Pada kondisi yang berat, bipolar bisa menjadi kondisi yang serius dan membahayakan. Penderita gangguan bipolar tipe I rentan untuk membahayakan orang lain –misalnya mengamuk, memukul, dan sebagainya. Sementara itu, penderita penyakit bipolar tipe II dapat membahayakan dirinya sendiri, misalnya dengan melakukan percobaan bunuh diri.

Artikel Lainnya: Apakah Gangguan Bipolar Bisa Memicu Badan Lemas?

Penyebab

Ilustrasi Gangguan Bipolar

Hingga kini, penyebab bipolar tidak diketahui dengan pasti. Beberapa penelitian menunjukkan kemungkinan faktor genetik yang berperan mencetuskan gangguan ini. Adanya anggota keluarga yang memiliki penyakit bipolar menyebabkan seseorang lebih rentan mengalaminya.

Gejala

Sulit Tidur Adalah Gerjala Gangguan Bipolar

Bipolar disorder ditandai dengan adanya episode gangguan mood yang ekstrem, yaitu manik dan depresi. Di antara episode gangguan mood, penderita terlihat seperti orang normal.

Gejala manik berbeda dengan kegirangan yang normal. Orang dalam kondisi manik memiliki energi berlebihan dan cenderung berperilaku destruktif, serta menganggu orang lain.

Gejala Bipolar episode manik antara lain adalah:

  • Sulit tidur
  • Terlihat terlalu percaya diri
  • Berbicara lebih cepat dari biasanya dan topik pembicaraanya mudah berganti
  • Sulit berkonsentrasi
  • Terlihat gelisah, lebih mudah marah pada orang lain
  • Berpenampilan mencolok dan cenderung menghamburkan uang
  • Membuat keputusan-keputusan mengejutkan
  • Bisa disertai dengan keyakinan yang salah (waham), misalnya merasa bahwa ia adalah orang paling hebat di dunia, meyakini bahwa ayahnya adalah presiden, dan sebagainya.

Disebut kondisi manik bila gejala di atas berlangsung selama setidaknya empat hari.

Artikel Lainnya: 5 Tanda Tak Terlihat dari Penderita Bipolar

Sementara itu, saat penderita penyakit bipolar mengalami episode depresi, ia akan terlihat mengalami kesedihan esktrim yang tidak terjelaskan penyebabnya. Episode depresi ini berbeda dengan kesedihan biasa. Pada depresi, kondisi sedih menyebabkan penderitanya tidak bisa beraktivitas seperti biasa dan hal ini terjadi selama lebih dari dua minggu.

Gejala Bipolar episode depresi antara lain adalah:

  • Merasa sedih, hampa, atau tidak berguna
  • Enggan untuk melakukan aktivitas apapun, termasuk enggan melakukan hobinya
  • Merasa tidak punya tenaga untuk beraktivitas
  • Sulit tidur, atau justru terlalu banyak tidur
  • Dihantui dengan perasaan bersalah
  • Tidak bisa berkonsenterasi dalam pekerjaan atau sekolah
  • Terpikir untuk bunuh diri atau bahkan melakukan percobaan bunuh diri

Diagnosis

Diagnosis Gangguan Bipolar

Bila diduga mengalami gangguan bipolar, dokter terlebih dahulu akan melakukan pemeriksaan fisik dan beberapa jenis pemeriksaan darah. Tujuannya untuk memastikan bahwa gangguan kejiwaan yang dialami penderita bukan disebabkan oleh penyakit lain.
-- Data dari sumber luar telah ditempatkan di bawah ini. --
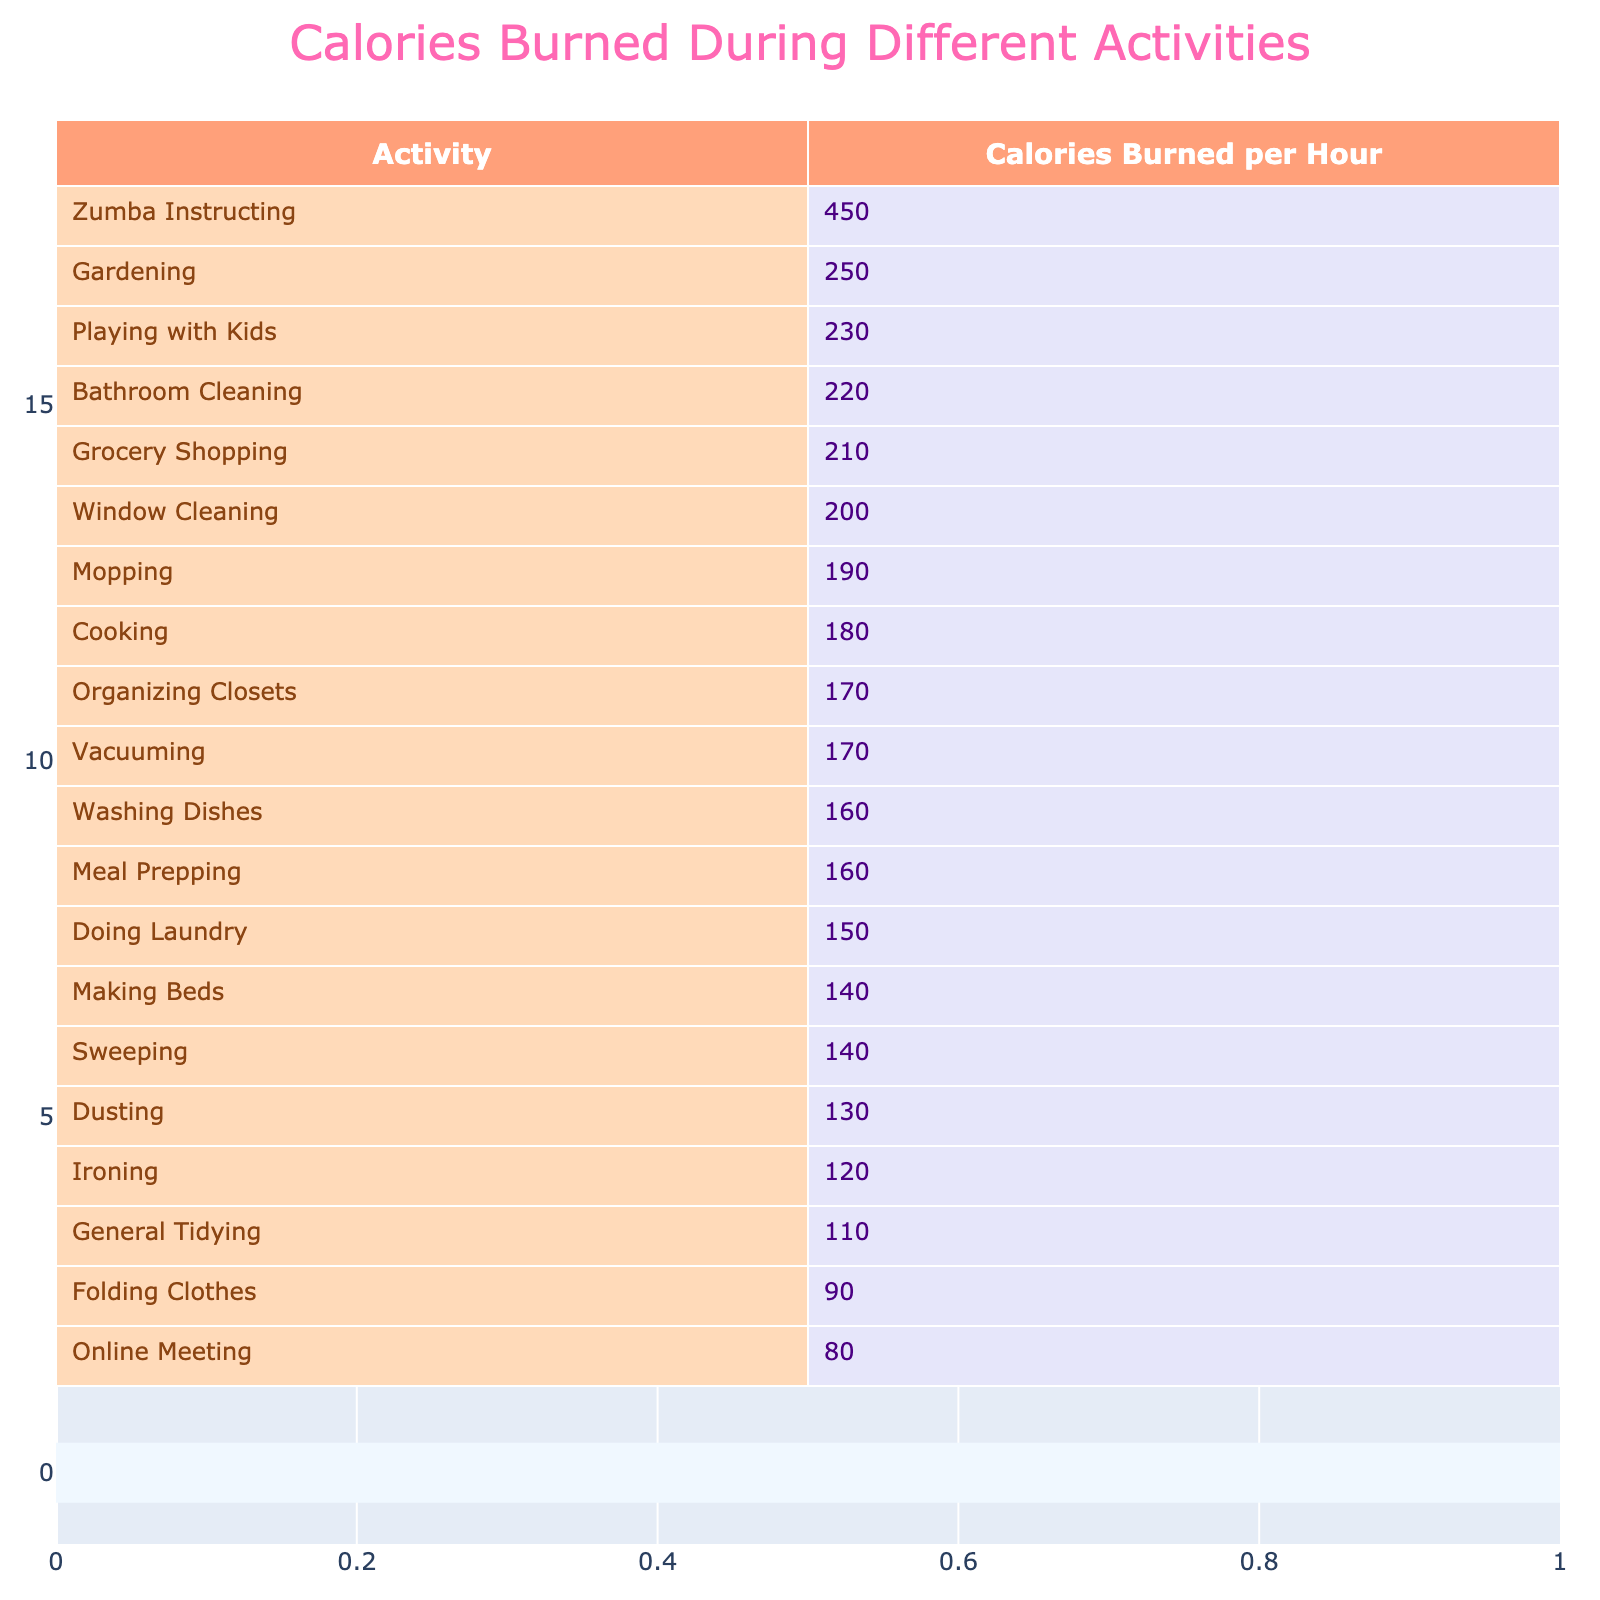What is the activity that burns the most calories per hour? By examining the table, the activity listed at the top with the highest "Calories Burned per Hour" is "Zumba Instructing" with 450 calories.
Answer: Zumba Instructing How many calories are burned while vacuuming? The table shows that vacuuming burns 170 calories per hour.
Answer: 170 calories Which activity burns more calories: ironing or dusting? Comparing the two activities, the table indicates ironing burns 120 calories while dusting burns 130 calories; thus, dusting burns more.
Answer: Dusting burns more What is the average number of calories burned for doing laundry, cooking, and meal prepping combined? The number of calories burned for each activity is: doing laundry (150), cooking (180), and meal prepping (160). Adding them gives 150 + 180 + 160 = 490. The average is 490 / 3 = approximately 163.33.
Answer: 163.33 calories Does grocery shopping burn more calories than general tidying? The table provides data: grocery shopping burns 210 calories while general tidying burns 110 calories; thus, grocery shopping burns more calories.
Answer: Yes What is the difference in calories burned between gardening and grocery shopping? Gardening burns 250 calories, and grocery shopping burns 210 calories. The difference is 250 - 210 = 40 calories.
Answer: 40 calories Identify the two activities that burn the least calories per hour. Sorting the table by calories burned shows that folding clothes (90 calories) and general tidying (110 calories) are the two activities that burn the least.
Answer: Folding clothes and general tidying What is the total number of calories burned when vacuuming, mopping, and washing dishes? From the table, vacuuming burns 170 calories, mopping burns 190 calories, and washing dishes burns 160 calories. The total is 170 + 190 + 160 = 520 calories.
Answer: 520 calories Which activity has the same number of calories burned as ironing? The table shows ironing burns 120 calories, and another activity with the same calorie burn is "Folding Clothes," which also burns 90 calories.
Answer: None (120 has no match) If you combine cooking and gardening, how many calories would you burn? Cooking burns 180 calories, and gardening burns 250 calories. The combined total is 180 + 250 = 430 calories.
Answer: 430 calories

Bila semua hasil pemeriksaan fisik dan pemeriksaan laboratorium normal, maka akan dilakukan pemeriksaan kejiwaan melalui wawancara terarah untuk memastikan penyakit bipolar.

Artikel Lainnya: Penderita Bipolar Lebih Berisiko Terkena Penyakit Parkinson

Pengobatan

Pengobatan Gangguan Bipolar dengan Psikoterapi

Pengobatan untuk gangguan bipolar dilakukan oleh psikiater. Pengobatan bipolar meliputi psikoterapi dan pemberian obat-obatan. Psikoterapi dilakukan dengan cara melakukan konseling untuk menggali emosi dan masalah hidup yang dialami penderita. Selain itu, penderita bipolar juga dilatih untuk menyadari perubahaan mood yang dialami dan mempelajari cara mengatasinya dari dalam diri sendiri.

Obat bipolar yang diberikan adalah obat-obatan untuk ‘menstabilkan’ mood penderitanya (mood stabilizer). Selain itu, jika bipolar dalam episode depresi, dokter juga akan memberikan antidepresan.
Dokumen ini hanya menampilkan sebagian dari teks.